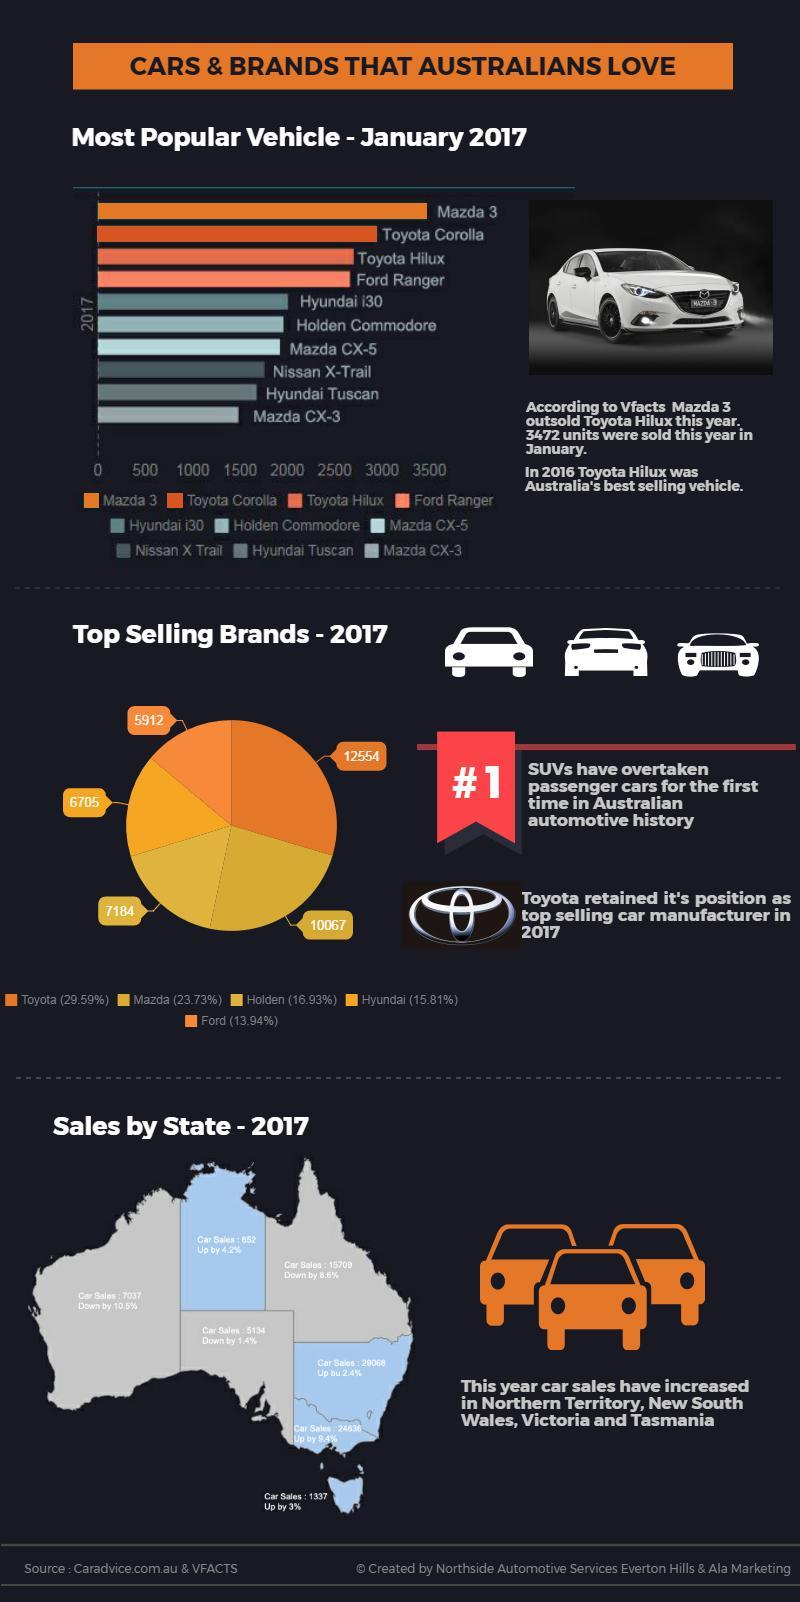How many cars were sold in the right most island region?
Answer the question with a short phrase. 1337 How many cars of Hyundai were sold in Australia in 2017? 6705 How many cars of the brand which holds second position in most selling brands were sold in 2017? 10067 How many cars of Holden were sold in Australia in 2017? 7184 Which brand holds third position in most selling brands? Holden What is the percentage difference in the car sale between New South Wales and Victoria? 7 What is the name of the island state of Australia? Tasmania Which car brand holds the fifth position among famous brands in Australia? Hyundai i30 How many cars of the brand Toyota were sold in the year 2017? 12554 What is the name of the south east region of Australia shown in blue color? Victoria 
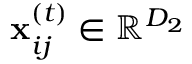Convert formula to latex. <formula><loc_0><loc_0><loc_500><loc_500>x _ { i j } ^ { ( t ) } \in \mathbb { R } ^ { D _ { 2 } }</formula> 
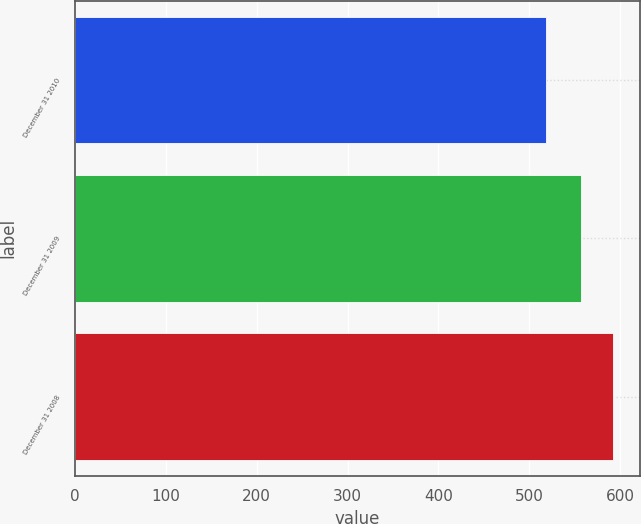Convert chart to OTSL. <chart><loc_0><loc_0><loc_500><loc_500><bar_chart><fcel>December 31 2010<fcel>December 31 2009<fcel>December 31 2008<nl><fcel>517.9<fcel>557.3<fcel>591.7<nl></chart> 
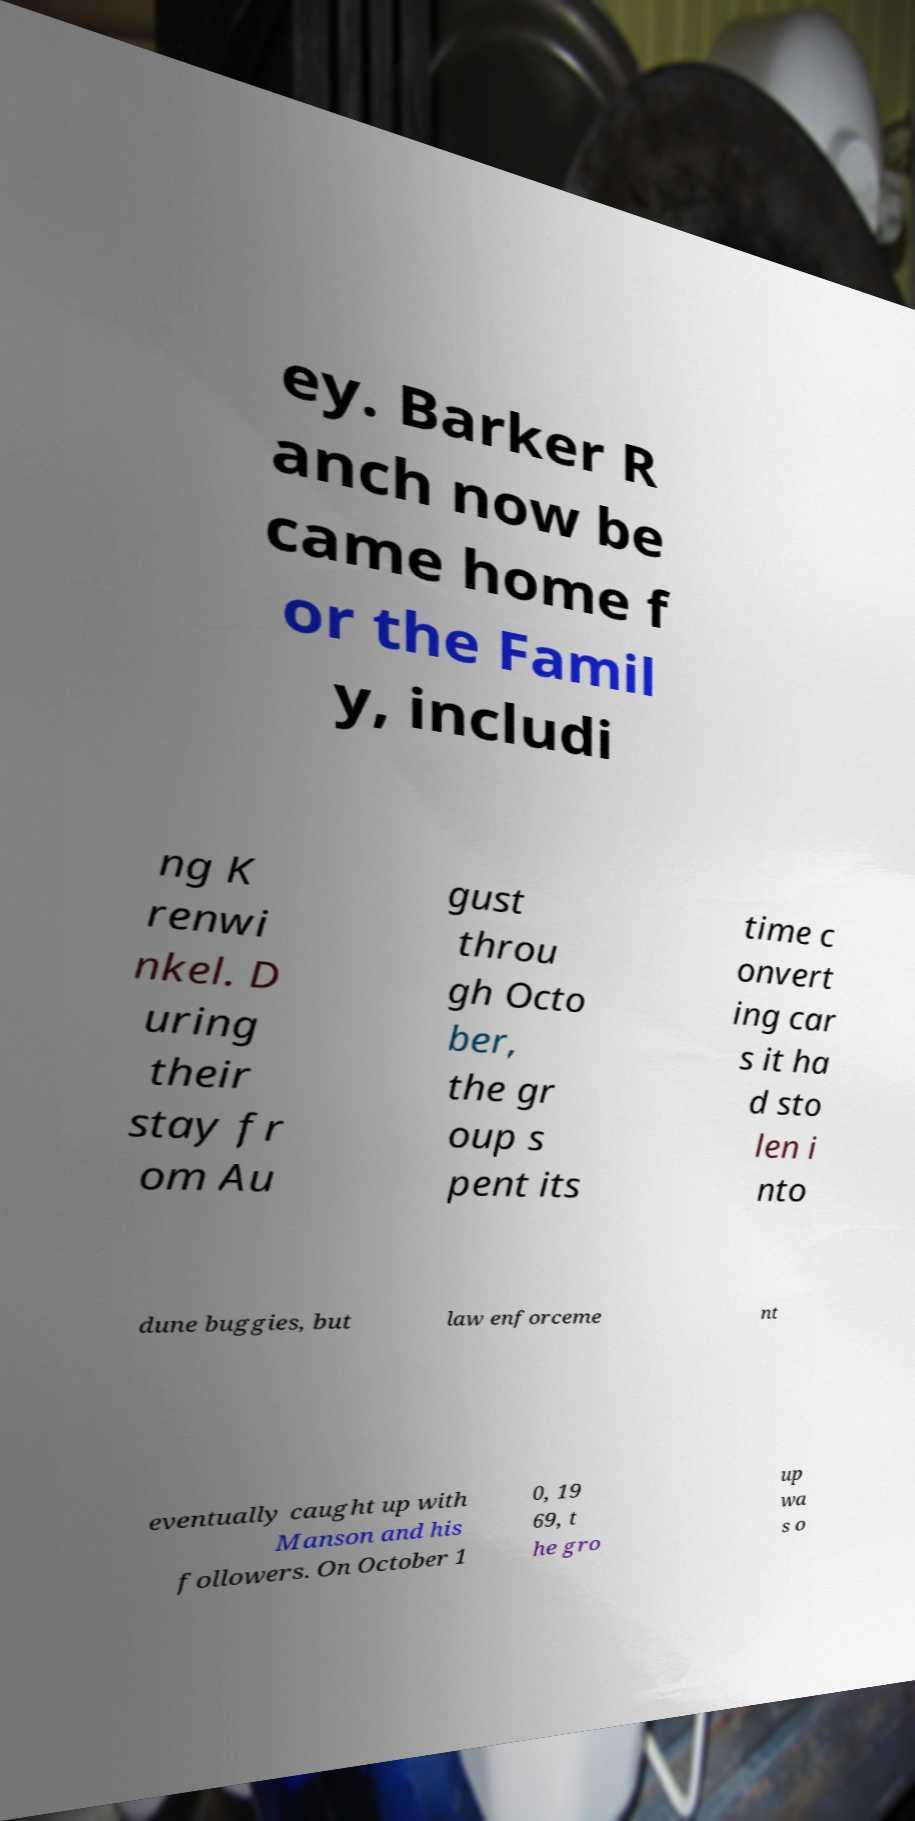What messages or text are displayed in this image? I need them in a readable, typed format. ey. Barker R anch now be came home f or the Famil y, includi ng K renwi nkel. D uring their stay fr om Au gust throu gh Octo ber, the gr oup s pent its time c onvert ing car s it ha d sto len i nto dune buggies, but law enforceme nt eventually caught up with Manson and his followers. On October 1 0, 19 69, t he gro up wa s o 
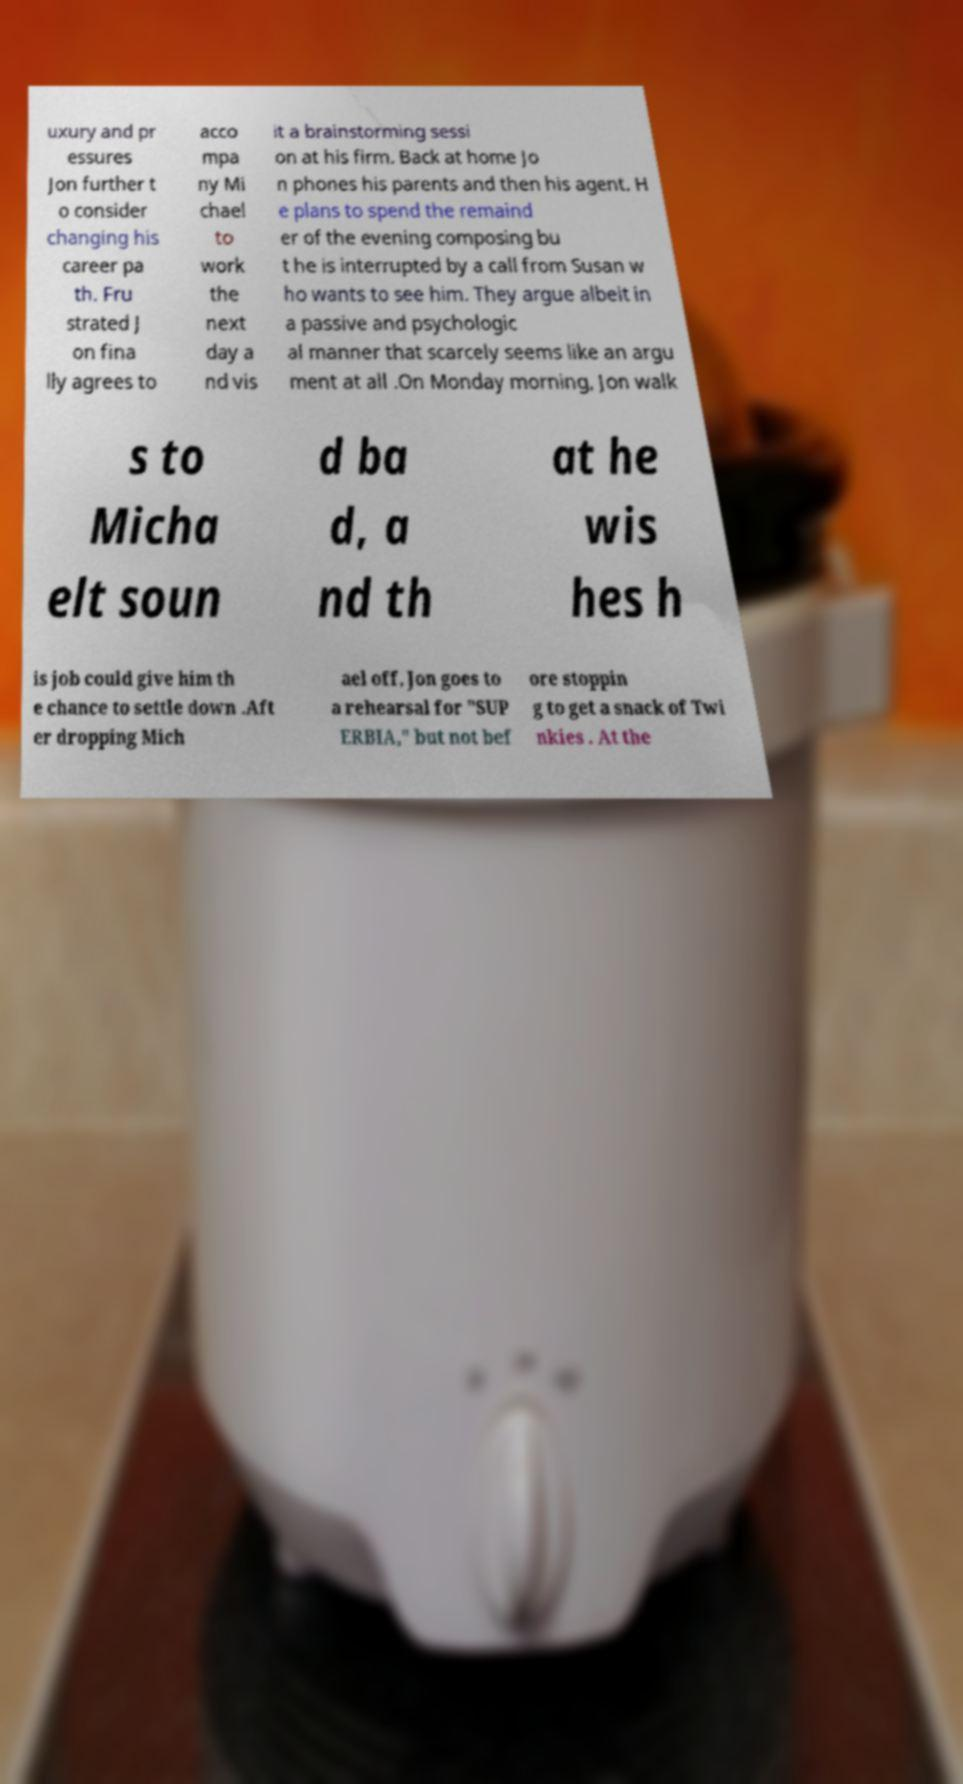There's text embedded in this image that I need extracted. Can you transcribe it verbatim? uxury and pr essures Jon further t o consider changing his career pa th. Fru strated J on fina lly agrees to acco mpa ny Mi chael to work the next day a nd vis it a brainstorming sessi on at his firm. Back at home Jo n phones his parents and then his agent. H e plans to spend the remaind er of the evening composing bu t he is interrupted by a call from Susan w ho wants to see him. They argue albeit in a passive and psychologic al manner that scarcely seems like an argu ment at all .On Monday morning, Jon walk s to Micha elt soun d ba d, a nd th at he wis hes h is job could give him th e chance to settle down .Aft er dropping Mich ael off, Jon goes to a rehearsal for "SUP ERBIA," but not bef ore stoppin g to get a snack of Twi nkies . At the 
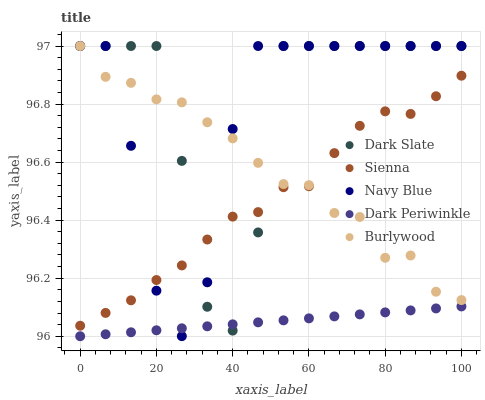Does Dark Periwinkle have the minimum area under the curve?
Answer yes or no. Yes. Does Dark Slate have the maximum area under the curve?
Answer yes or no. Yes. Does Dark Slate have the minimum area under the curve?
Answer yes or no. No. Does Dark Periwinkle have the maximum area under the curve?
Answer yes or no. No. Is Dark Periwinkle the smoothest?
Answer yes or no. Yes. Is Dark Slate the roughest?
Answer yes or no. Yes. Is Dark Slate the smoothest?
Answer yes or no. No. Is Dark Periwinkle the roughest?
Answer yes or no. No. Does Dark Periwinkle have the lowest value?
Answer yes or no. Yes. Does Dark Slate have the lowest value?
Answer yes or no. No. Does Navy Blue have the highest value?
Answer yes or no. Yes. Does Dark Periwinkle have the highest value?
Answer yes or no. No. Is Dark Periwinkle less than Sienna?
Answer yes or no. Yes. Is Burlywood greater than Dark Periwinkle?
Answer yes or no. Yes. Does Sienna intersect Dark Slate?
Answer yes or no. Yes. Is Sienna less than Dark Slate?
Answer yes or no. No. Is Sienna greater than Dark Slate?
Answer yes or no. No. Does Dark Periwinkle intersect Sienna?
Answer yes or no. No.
■ ■ ■ ■ ■ ■ ■
WORK ITEM —
The response must repeat exactly the lines above from the one with "There's text embedded" through the one with "Answer yes or no. Yes. Is Sienna", including both, and must contain no pictures and no other text.

ANSWER SECTION —
There's text embedded in this image that I need extracted. Can you transcribe it verbatim? uxury and pr essures Jon further t o consider changing his career pa th. Fru strated J on fina lly agrees to acco mpa ny Mi chael to work the next day a nd vis it a brainstorming sessi on at his firm. Back at home Jo n phones his parents and then his agent. H e plans to spend the remaind er of the evening composing bu t he is interrupted by a call from Susan w ho wants to see him. They argue albeit in a passive and psychologic al manner that scarcely seems like an argu ment at all .On Monday morning, Jon walk s to Micha elt soun d ba d, a nd th at he wis hes h is job could give him th e chance to settle down .Aft er dropping Mich ael off, Jon goes to a rehearsal for "SUP ERBIA," but not bef ore stoppin g to get a snack of Twi nkies . At the 
Does Dark Periwinkle have the minimum area under the curve?
Answer yes or no. Yes. Does Dark Slate have the maximum area under the curve?
Answer yes or no. Yes. Does Dark Slate have the minimum area under the curve?
Answer yes or no. No. Does Dark Periwinkle have the maximum area under the curve?
Answer yes or no. No. Is Dark Periwinkle the smoothest?
Answer yes or no. Yes. Is Dark Slate the roughest?
Answer yes or no. Yes. Is Dark Slate the smoothest?
Answer yes or no. No. Is Dark Periwinkle the roughest?
Answer yes or no. No. Does Dark Periwinkle have the lowest value?
Answer yes or no. Yes. Does Dark Slate have the lowest value?
Answer yes or no. No. Does Navy Blue have the highest value?
Answer yes or no. Yes. Does Dark Periwinkle have the highest value?
Answer yes or no. No. Is Dark Periwinkle less than Sienna?
Answer yes or no. Yes. Is Burlywood greater than Dark Periwinkle?
Answer yes or no. Yes. Does Sienna intersect Dark Slate?
Answer yes or no. Yes. Is Sienna less than Dark Slate?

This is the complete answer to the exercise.